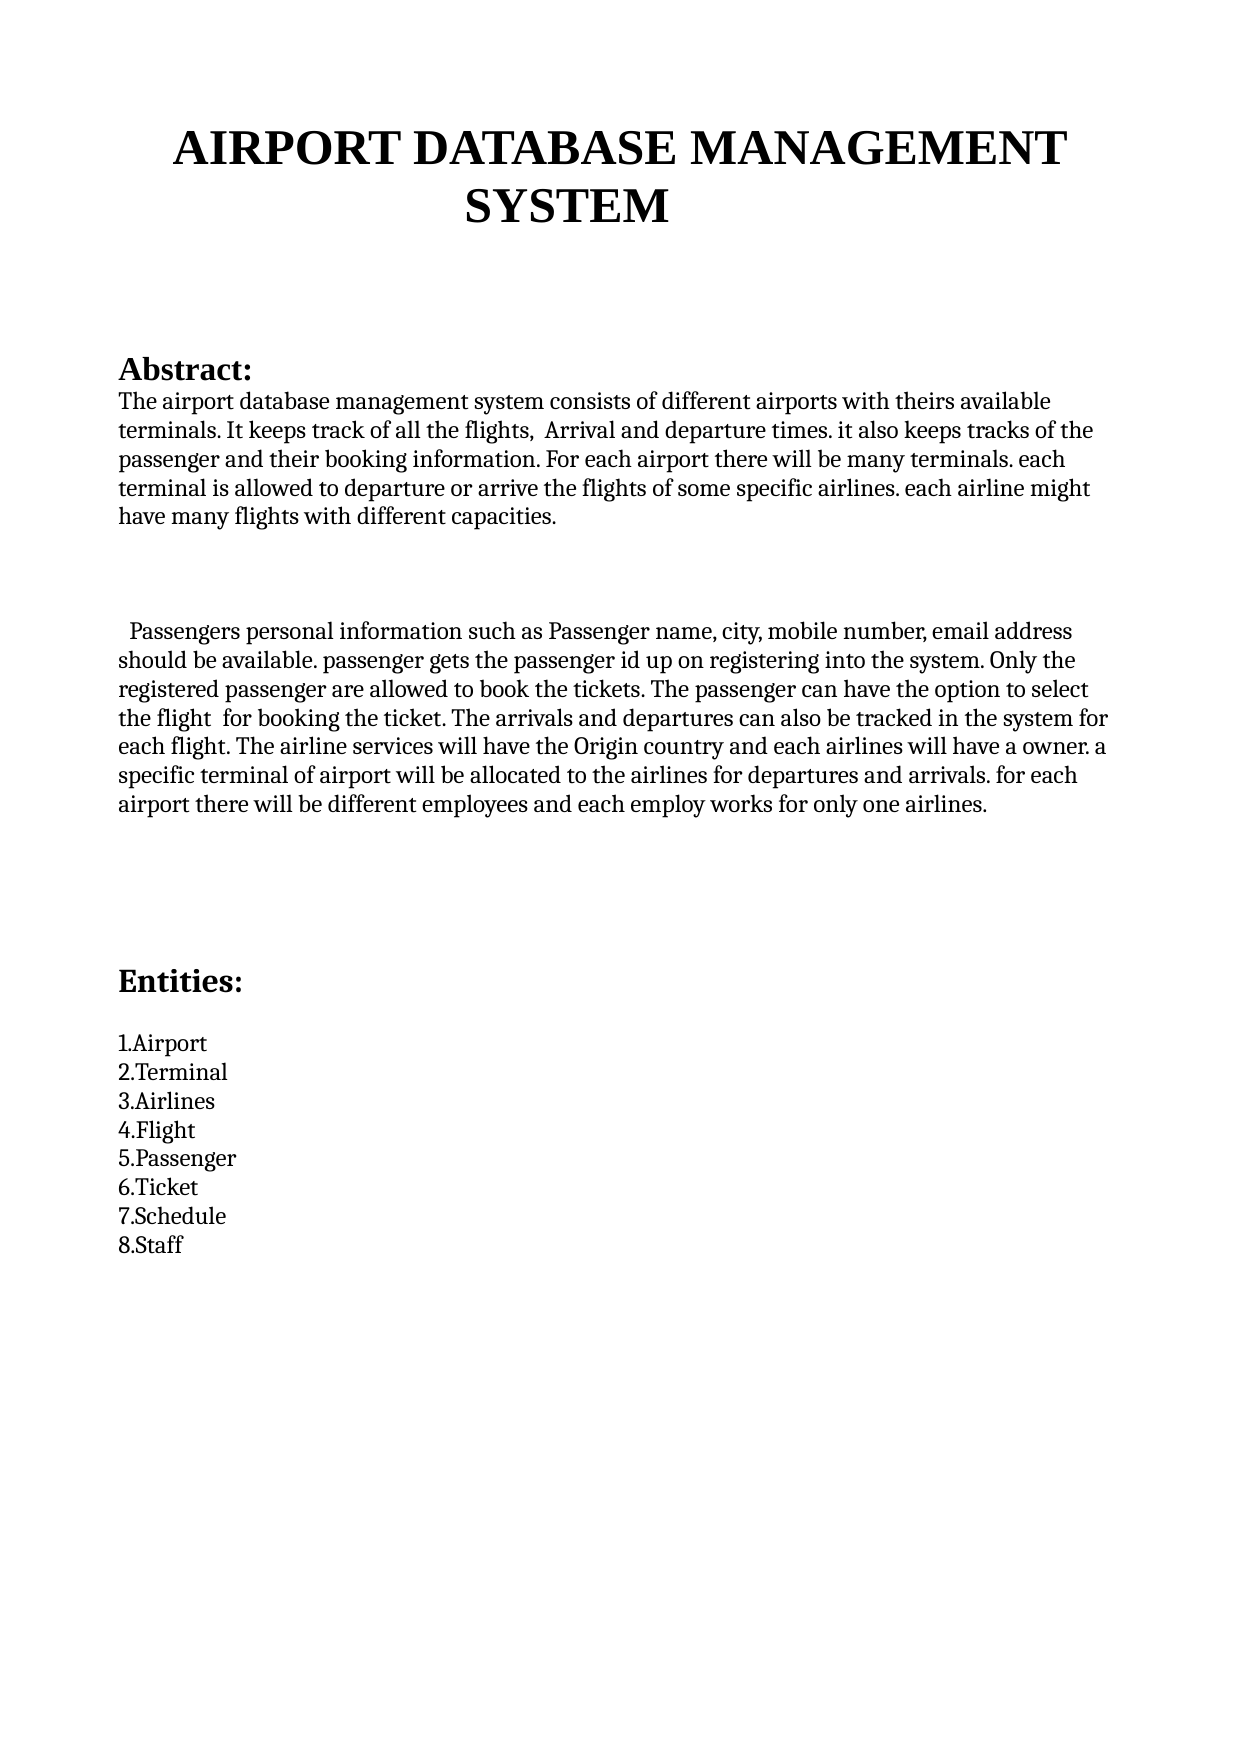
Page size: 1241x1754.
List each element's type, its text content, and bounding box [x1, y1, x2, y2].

text Abstract: [118, 349, 1122, 387]
text 8.Staff [118, 1231, 1122, 1259]
text 4.Flight [118, 1116, 1122, 1144]
text 3.Airlines [118, 1087, 1122, 1116]
text 1.Airport [118, 1029, 1122, 1058]
text Passengers personal information such as Passenger name, city, mobile number, email address should be available. passenger gets the passenger id up on registering into the system. Only the registered passenger are allowed to book the tickets. The passenger can have the option to select the flight for booking the ticket. The arrivals and departures can also be tracked in the system for each flight. The airline services will have the Origin country and each airlines will have a owner. a specific terminal of airport will be allocated to the airlines for departures and arrivals. for each airport there will be different employees and each employ works for only one airlines. [118, 617, 1122, 818]
text 2.Terminal [118, 1058, 1122, 1087]
text Entities: [118, 962, 1122, 1001]
text 5.Passenger [118, 1144, 1122, 1173]
text 6.Ticket [118, 1173, 1122, 1202]
text The airport database management system consists of different airports with theirs available terminals. It keeps track of all the flights, Arrival and departure times. it also keeps tracks of the passenger and their booking information. For each airport there will be many terminals. each terminal is allowed to departure or arrive the flights of some specific airlines. each airline might have many flights with different capacities. [118, 387, 1122, 531]
text 7.Schedule [118, 1202, 1122, 1231]
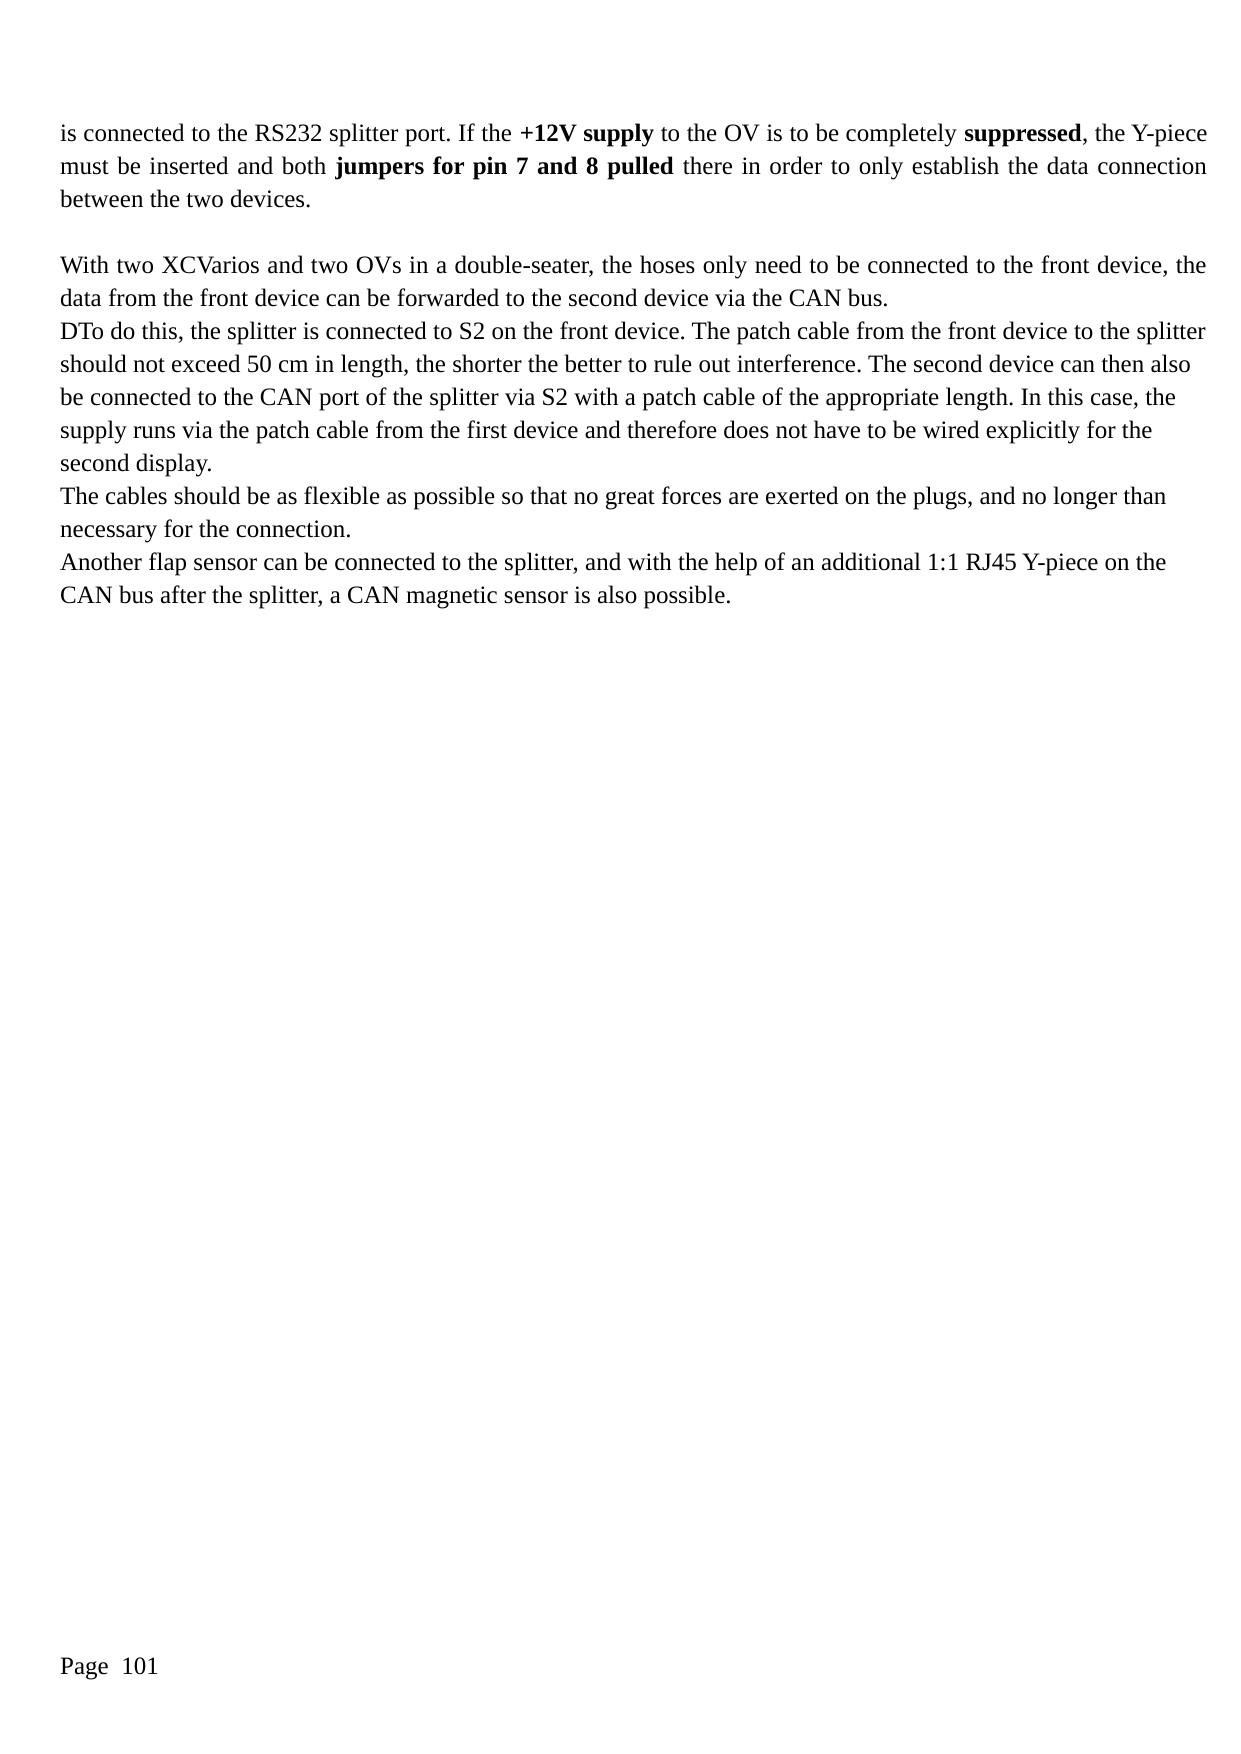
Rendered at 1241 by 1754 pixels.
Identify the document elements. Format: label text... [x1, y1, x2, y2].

text DTo do this, the splitter is connected to S2 on the front device. The patch cable from the front device to the splitter should not exceed 50 cm in length, the shorter the better to rule out interference. The second device can then also be connected to the CAN port of the splitter via S2 with a patch cable of the appropriate length. In this case, the supply runs via the patch cable from the first device and therefore does not have to be wired explicitly for the second display. The cables should be as flexible as possible so that no great forces are exerted on the plugs, and no longer than necessary for the connection. Another flap sensor can be connected to the splitter, and with the help of an additional 1:1 RJ45 Y-piece on the CAN bus after the splitter, a CAN magnetic sensor is also possible. [60, 316, 1207, 609]
text is connected to the RS232 splitter port. If the +12V supply to the OV is to be completely suppressed, the Y-piece must be inserted and both jumpers for pin 7 and 8 pulled there in order to only establish the data connection between the two devices. [60, 118, 1207, 213]
text With two XCVarios and two OVs in a double-seater, the hoses only need to be connected to the front device, the data from the front device can be forwarded to the second device via the CAN bus. [60, 250, 1207, 312]
####################
REQUIRED ACTION: Without including any picture, print every record exactly as written above.

SOLUTION TO THIS TASK:
Page size: 1241x1754.
List each element's type, its text content, and bounding box [x1, y1, x2, y2].

text Abstract: [118, 349, 1122, 387]
text 8.Staff [118, 1231, 1122, 1259]
text 4.Flight [118, 1116, 1122, 1144]
text 3.Airlines [118, 1087, 1122, 1116]
text 1.Airport [118, 1029, 1122, 1058]
text Passengers personal information such as Passenger name, city, mobile number, email address should be available. passenger gets the passenger id up on registering into the system. Only the registered passenger are allowed to book the tickets. The passenger can have the option to select the flight for booking the ticket. The arrivals and departures can also be tracked in the system for each flight. The airline services will have the Origin country and each airlines will have a owner. a specific terminal of airport will be allocated to the airlines for departures and arrivals. for each airport there will be different employees and each employ works for only one airlines. [118, 617, 1122, 818]
text 2.Terminal [118, 1058, 1122, 1087]
text Entities: [118, 962, 1122, 1001]
text 5.Passenger [118, 1144, 1122, 1173]
text 6.Ticket [118, 1173, 1122, 1202]
text The airport database management system consists of different airports with theirs available terminals. It keeps track of all the flights, Arrival and departure times. it also keeps tracks of the passenger and their booking information. For each airport there will be many terminals. each terminal is allowed to departure or arrive the flights of some specific airlines. each airline might have many flights with different capacities. [118, 387, 1122, 531]
text 7.Schedule [118, 1202, 1122, 1231]
Rendered at 1241 by 1754 pixels.
Identify the document elements. Format: label text... [x1, y1, x2, y2].

text DTo do this, the splitter is connected to S2 on the front device. The patch cable from the front device to the splitter should not exceed 50 cm in length, the shorter the better to rule out interference. The second device can then also be connected to the CAN port of the splitter via S2 with a patch cable of the appropriate length. In this case, the supply runs via the patch cable from the first device and therefore does not have to be wired explicitly for the second display. The cables should be as flexible as possible so that no great forces are exerted on the plugs, and no longer than necessary for the connection. Another flap sensor can be connected to the splitter, and with the help of an additional 1:1 RJ45 Y-piece on the CAN bus after the splitter, a CAN magnetic sensor is also possible. [60, 316, 1207, 609]
text is connected to the RS232 splitter port. If the +12V supply to the OV is to be completely suppressed, the Y-piece must be inserted and both jumpers for pin 7 and 8 pulled there in order to only establish the data connection between the two devices. [60, 118, 1207, 213]
text With two XCVarios and two OVs in a double-seater, the hoses only need to be connected to the front device, the data from the front device can be forwarded to the second device via the CAN bus. [60, 250, 1207, 312]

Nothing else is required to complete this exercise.